> What to produce: Nothing but text lines should be duplicated: start with the first line of the listing below and stop after the line holding "subtitle Installation minimale", omitting pictures.
■ ■ ■ ■
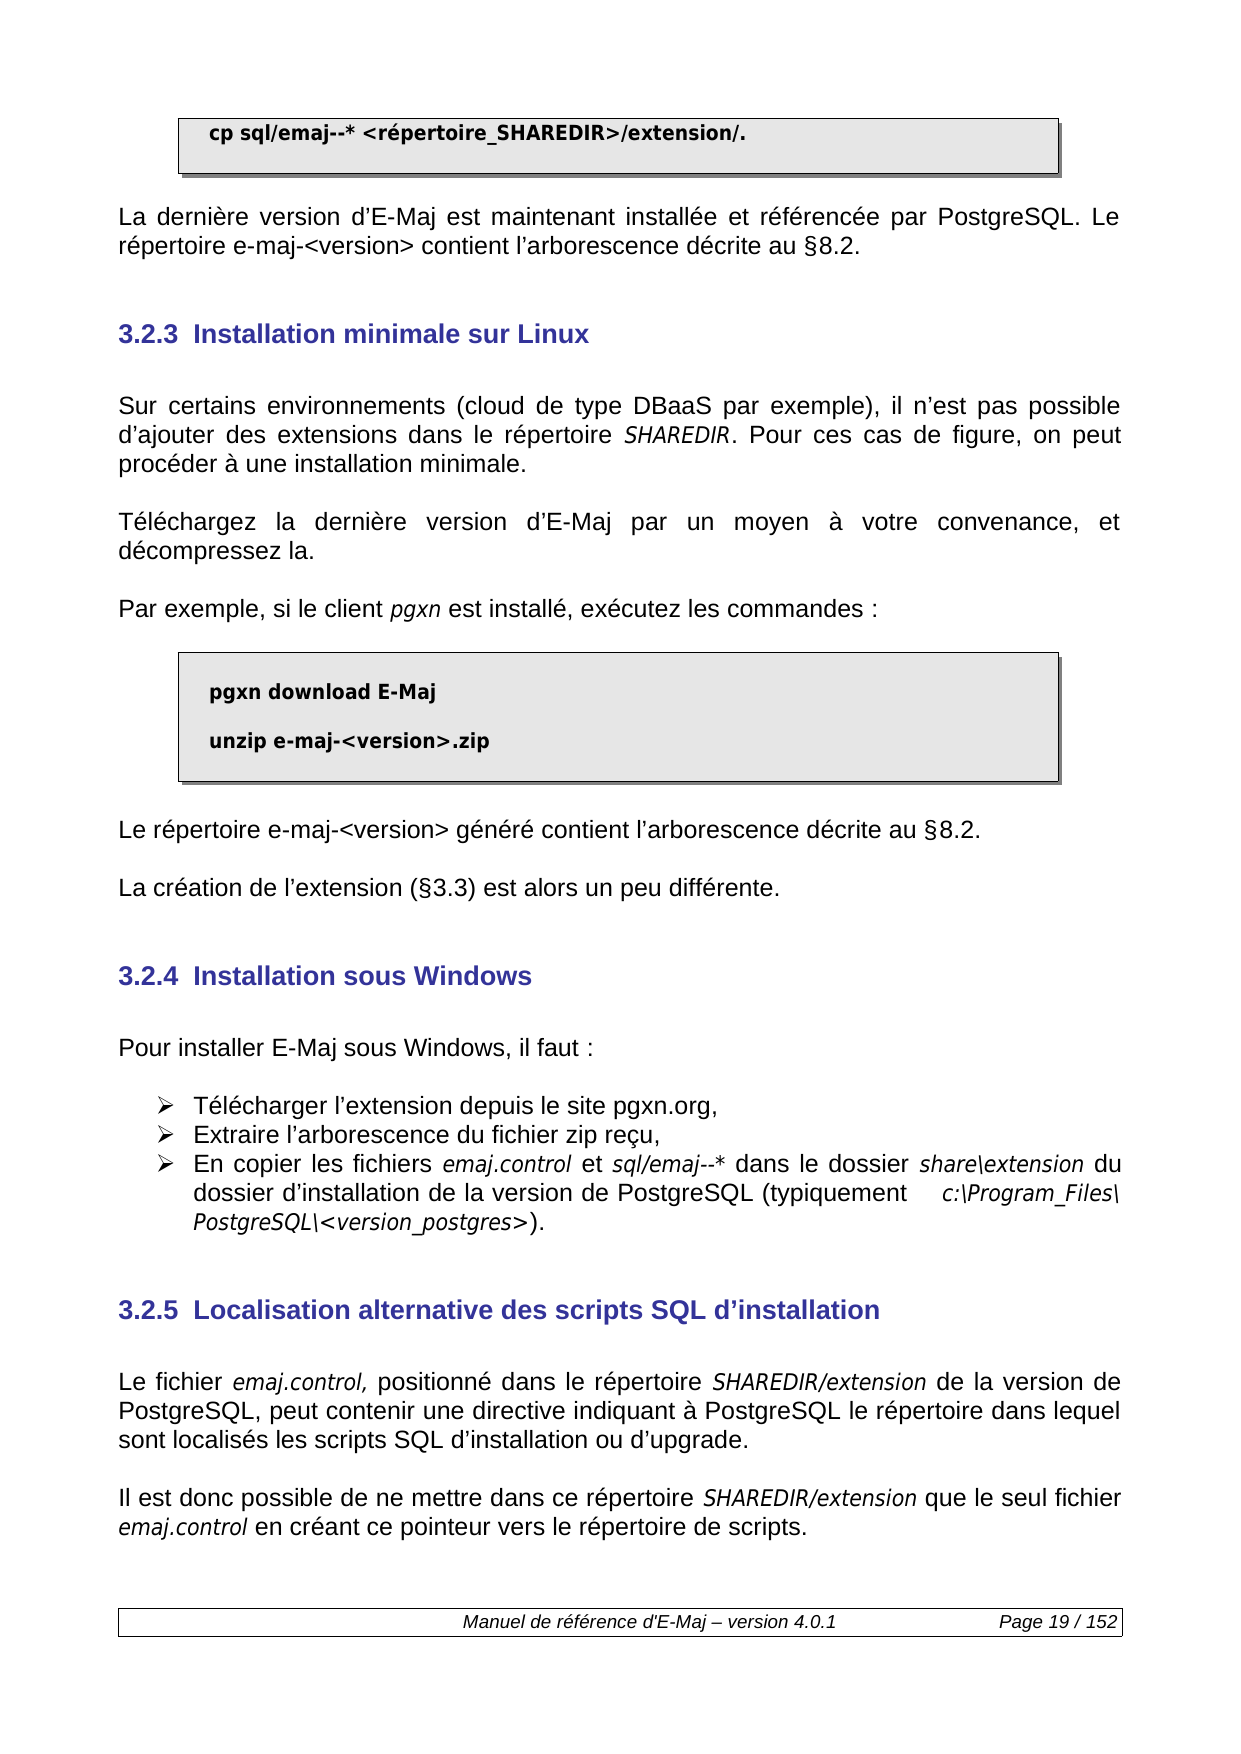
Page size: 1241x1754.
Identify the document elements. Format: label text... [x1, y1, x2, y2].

text Par exemple, si le client pgxn est installé, exécutez les commandes : [118, 594, 1122, 623]
text pgxn download E-Maj [179, 677, 1058, 701]
list En copier les fichiers emaj.control et sql/emaj--* dans le dossier share\extension du dossier d’installation de la version de PostgreSQL (typiquement c:\Program_Files\PostgreSQL\<version_postgres>). [156, 1149, 1122, 1236]
subtitle Installation minimale sur Linux [118, 318, 1122, 349]
text Le fichier emaj.control, positionné dans le répertoire SHAREDIR/extension de la version de PostgreSQL, peut contenir une directive indiquant à PostgreSQL le répertoire dans lequel sont localisés les scripts SQL d’installation ou d’upgrade. [118, 1367, 1122, 1454]
subtitle Localisation alternative des scripts SQL d’installation [118, 1294, 1122, 1325]
text Pour installer E-Maj sous Windows, il faut : [118, 1032, 1122, 1061]
text Le répertoire e-maj-<version> généré contient l’arborescence décrite au §8.2. [118, 814, 1122, 843]
list Extraire l’arborescence du fichier zip reçu, [156, 1119, 1122, 1149]
text unzip e-maj-<version>.zip [179, 726, 1058, 750]
text Sur certains environnements (cloud de type DBaaS par exemple), il n’est pas possible d’ajouter des extensions dans le répertoire SHAREDIR. Pour ces cas de figure, on peut procéder à une installation minimale. [118, 391, 1122, 478]
text La création de l’extension (§3.3) est alors un peu différente. [118, 873, 1122, 902]
subtitle Installation sous Windows [118, 960, 1122, 991]
text Il est donc possible de ne mettre dans ce répertoire SHAREDIR/extension que le seul fichier emaj.control en créant ce pointeur vers le répertoire de scripts. [118, 1483, 1122, 1541]
text La dernière version d’E-Maj est maintenant installée et référencée par PostgreSQL. Le répertoire e-maj-<version> contient l’arborescence décrite au §8.2. [118, 202, 1122, 260]
list Télécharger l’extension depuis le site pgxn.org, [156, 1091, 1122, 1119]
text Téléchargez la dernière version d’E-Maj par un moyen à votre convenance, et décompressez la. [118, 507, 1122, 565]
text cp sql/emaj--* <répertoire_SHAREDIR>/extension/. [179, 119, 1058, 143]
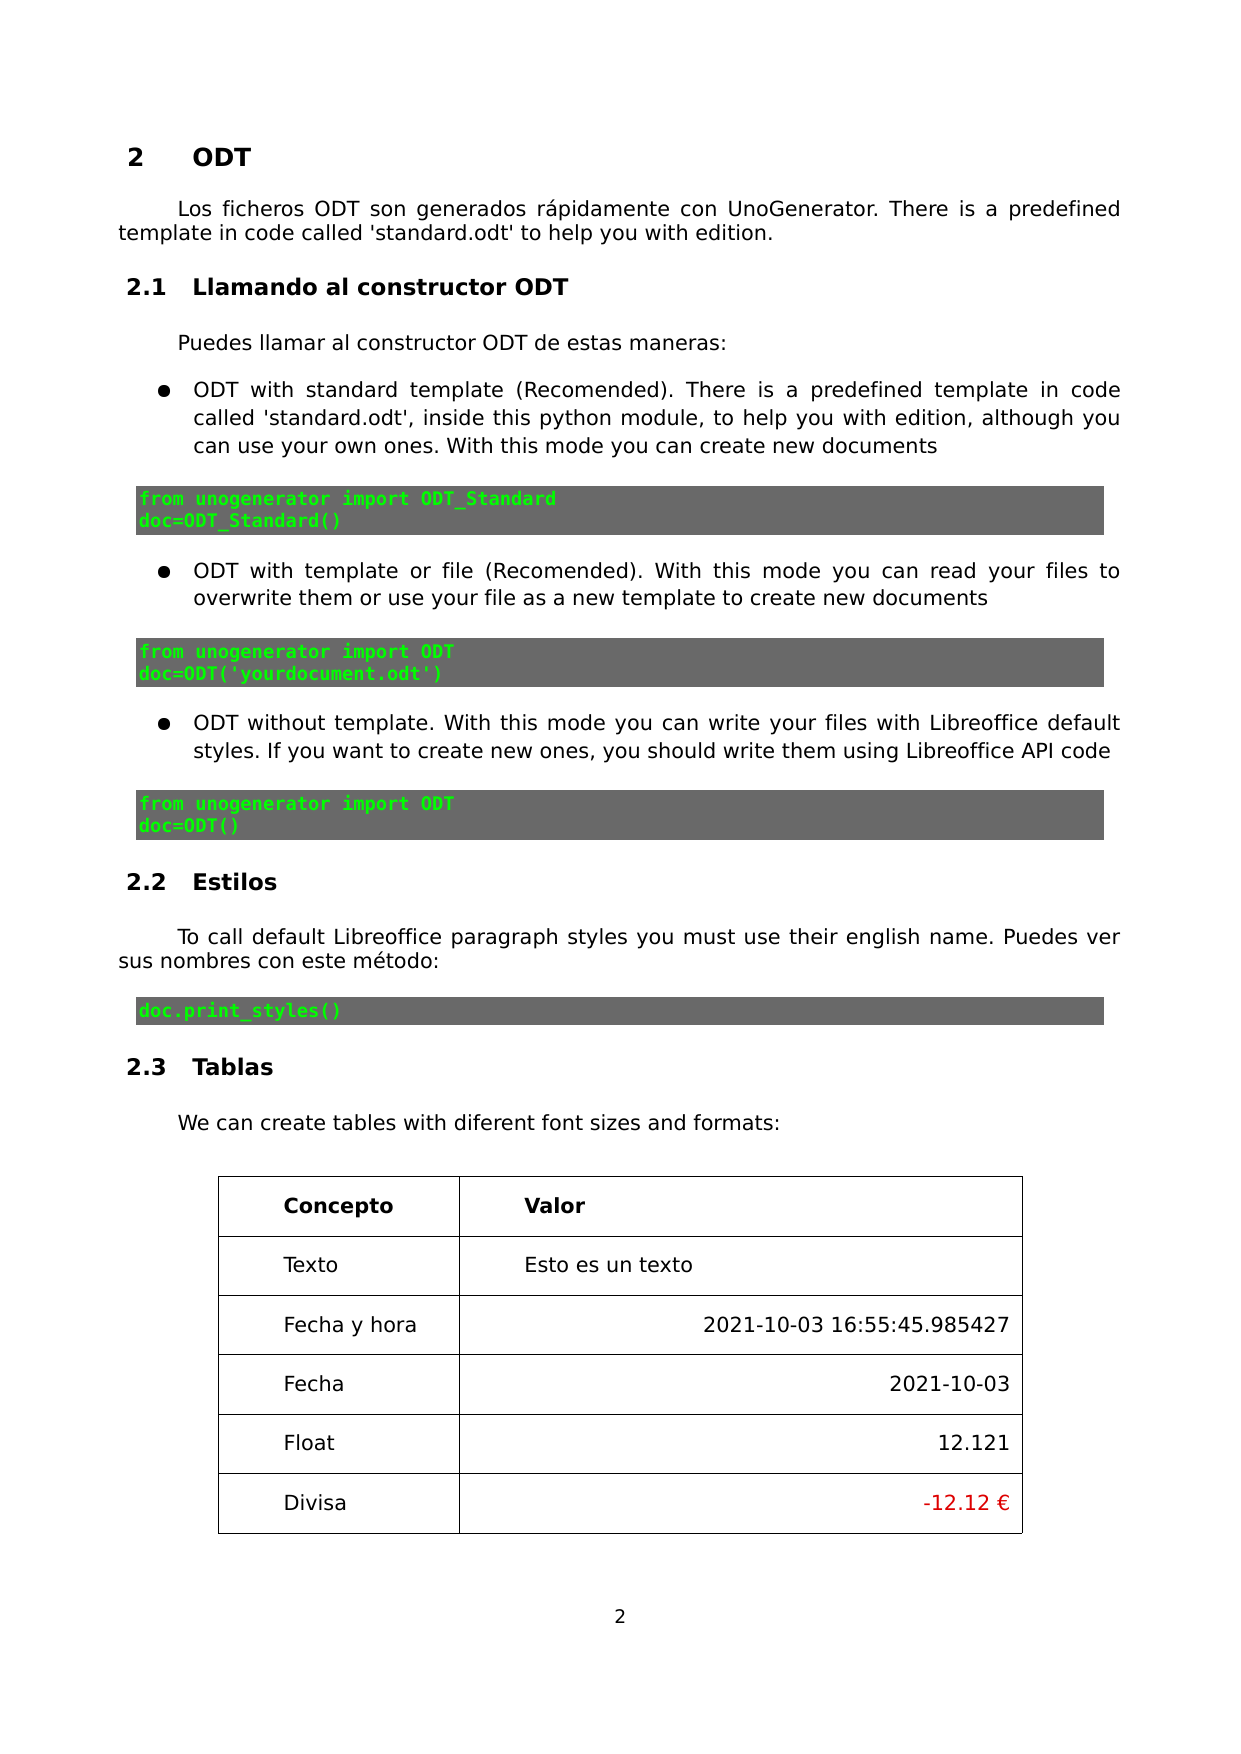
■ ■ ■ ■
> Reply:
Page size: 1241x1754.
Identify the document elements. Format: label text... [x1, y1, x2, y2].

text Par exemple, si le client pgxn est installé, exécutez les commandes : [118, 594, 1122, 623]
text pgxn download E-Maj [179, 677, 1058, 701]
list En copier les fichiers emaj.control et sql/emaj--* dans le dossier share\extension du dossier d’installation de la version de PostgreSQL (typiquement c:\Program_Files\PostgreSQL\<version_postgres>). [156, 1149, 1122, 1236]
subtitle Installation minimale sur Linux [118, 318, 1122, 349]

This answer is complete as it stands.